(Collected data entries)
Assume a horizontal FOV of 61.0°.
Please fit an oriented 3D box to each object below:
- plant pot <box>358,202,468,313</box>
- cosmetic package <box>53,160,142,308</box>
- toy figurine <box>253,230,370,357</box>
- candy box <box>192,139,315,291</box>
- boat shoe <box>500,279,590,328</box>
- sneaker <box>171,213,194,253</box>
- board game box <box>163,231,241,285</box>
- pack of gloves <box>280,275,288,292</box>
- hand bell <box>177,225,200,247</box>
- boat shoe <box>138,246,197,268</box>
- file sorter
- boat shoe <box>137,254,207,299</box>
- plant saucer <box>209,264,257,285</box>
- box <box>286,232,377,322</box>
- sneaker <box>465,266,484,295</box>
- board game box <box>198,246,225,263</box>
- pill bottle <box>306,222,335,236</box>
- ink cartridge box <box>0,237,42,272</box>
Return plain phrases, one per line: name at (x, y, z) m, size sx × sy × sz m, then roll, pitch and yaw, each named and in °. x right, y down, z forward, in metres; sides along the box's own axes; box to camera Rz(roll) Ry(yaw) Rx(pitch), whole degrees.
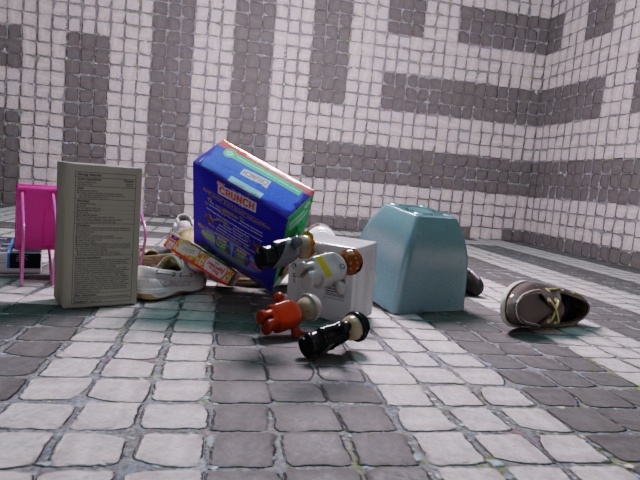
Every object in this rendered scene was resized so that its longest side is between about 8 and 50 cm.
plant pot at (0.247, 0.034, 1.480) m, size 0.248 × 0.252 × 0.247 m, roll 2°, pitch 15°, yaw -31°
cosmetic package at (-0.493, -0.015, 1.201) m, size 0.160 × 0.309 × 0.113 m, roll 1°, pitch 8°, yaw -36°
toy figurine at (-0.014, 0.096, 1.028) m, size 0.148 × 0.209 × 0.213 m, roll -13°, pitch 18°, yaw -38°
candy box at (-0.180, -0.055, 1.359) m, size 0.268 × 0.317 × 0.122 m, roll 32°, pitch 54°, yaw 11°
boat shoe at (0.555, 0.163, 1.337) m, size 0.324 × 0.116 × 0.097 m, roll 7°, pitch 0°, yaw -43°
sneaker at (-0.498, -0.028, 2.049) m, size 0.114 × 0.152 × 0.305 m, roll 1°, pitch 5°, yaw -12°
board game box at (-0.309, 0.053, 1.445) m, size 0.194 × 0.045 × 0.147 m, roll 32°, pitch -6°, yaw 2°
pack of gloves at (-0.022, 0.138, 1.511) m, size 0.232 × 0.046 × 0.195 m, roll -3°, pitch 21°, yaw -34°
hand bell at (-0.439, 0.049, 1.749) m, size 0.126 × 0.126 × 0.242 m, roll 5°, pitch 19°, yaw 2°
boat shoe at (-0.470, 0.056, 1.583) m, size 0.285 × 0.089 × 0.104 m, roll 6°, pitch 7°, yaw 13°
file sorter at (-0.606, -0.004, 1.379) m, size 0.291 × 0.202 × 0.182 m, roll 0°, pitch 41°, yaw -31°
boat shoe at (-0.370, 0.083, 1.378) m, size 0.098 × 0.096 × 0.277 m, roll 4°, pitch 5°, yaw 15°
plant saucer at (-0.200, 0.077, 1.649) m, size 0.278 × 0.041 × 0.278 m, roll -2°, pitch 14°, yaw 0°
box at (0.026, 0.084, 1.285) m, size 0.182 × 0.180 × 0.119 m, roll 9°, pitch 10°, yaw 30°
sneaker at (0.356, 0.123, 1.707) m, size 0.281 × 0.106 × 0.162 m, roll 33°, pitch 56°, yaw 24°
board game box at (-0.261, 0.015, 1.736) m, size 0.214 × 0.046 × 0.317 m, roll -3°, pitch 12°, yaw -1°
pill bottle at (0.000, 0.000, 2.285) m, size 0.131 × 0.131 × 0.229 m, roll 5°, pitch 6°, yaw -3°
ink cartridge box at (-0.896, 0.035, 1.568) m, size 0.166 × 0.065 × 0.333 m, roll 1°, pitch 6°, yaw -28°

* * *

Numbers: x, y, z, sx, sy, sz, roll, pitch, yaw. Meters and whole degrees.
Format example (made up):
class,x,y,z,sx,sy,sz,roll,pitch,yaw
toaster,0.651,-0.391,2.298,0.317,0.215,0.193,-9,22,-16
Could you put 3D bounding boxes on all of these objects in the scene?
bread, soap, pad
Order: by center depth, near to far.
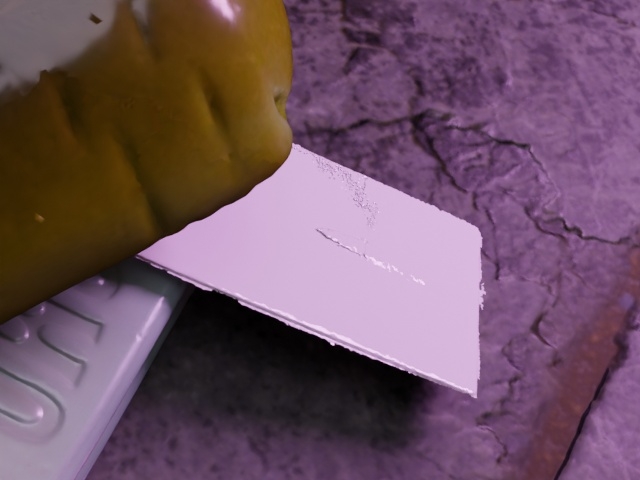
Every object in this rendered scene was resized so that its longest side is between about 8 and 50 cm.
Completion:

==

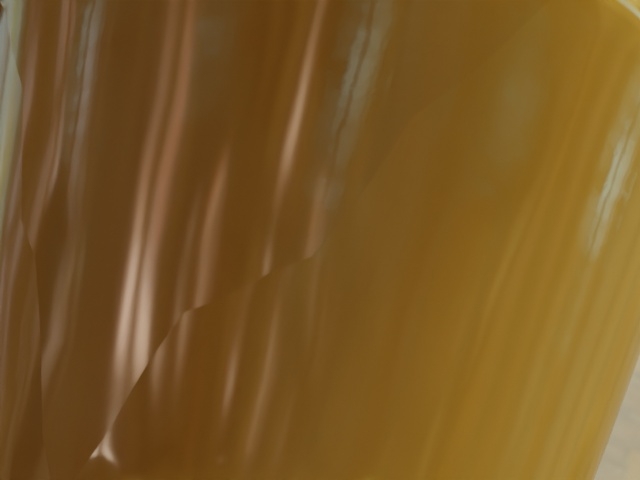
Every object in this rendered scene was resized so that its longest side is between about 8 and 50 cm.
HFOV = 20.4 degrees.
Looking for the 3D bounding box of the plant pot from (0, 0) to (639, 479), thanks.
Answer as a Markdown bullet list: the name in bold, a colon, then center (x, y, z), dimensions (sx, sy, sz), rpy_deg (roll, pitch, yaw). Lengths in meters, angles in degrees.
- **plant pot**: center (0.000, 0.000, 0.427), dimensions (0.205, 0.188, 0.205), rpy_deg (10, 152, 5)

▶ _WHAT TO WORK ON_
Starting at the line above that holds "Assume a horizontal FOV of 61.0°." and ending at the line that holds "- sneaker <box>171,213,194,253</box>", transcribe each line exactly and include no other lines.

▶ _SOLUTION FOR THIS TASK_
Assume a horizontal FOV of 61.0°.
Please fit an oriented 3D box to each object below:
- plant pot <box>358,202,468,313</box>
- cosmetic package <box>53,160,142,308</box>
- toy figurine <box>253,230,370,357</box>
- candy box <box>192,139,315,291</box>
- boat shoe <box>500,279,590,328</box>
- sneaker <box>171,213,194,253</box>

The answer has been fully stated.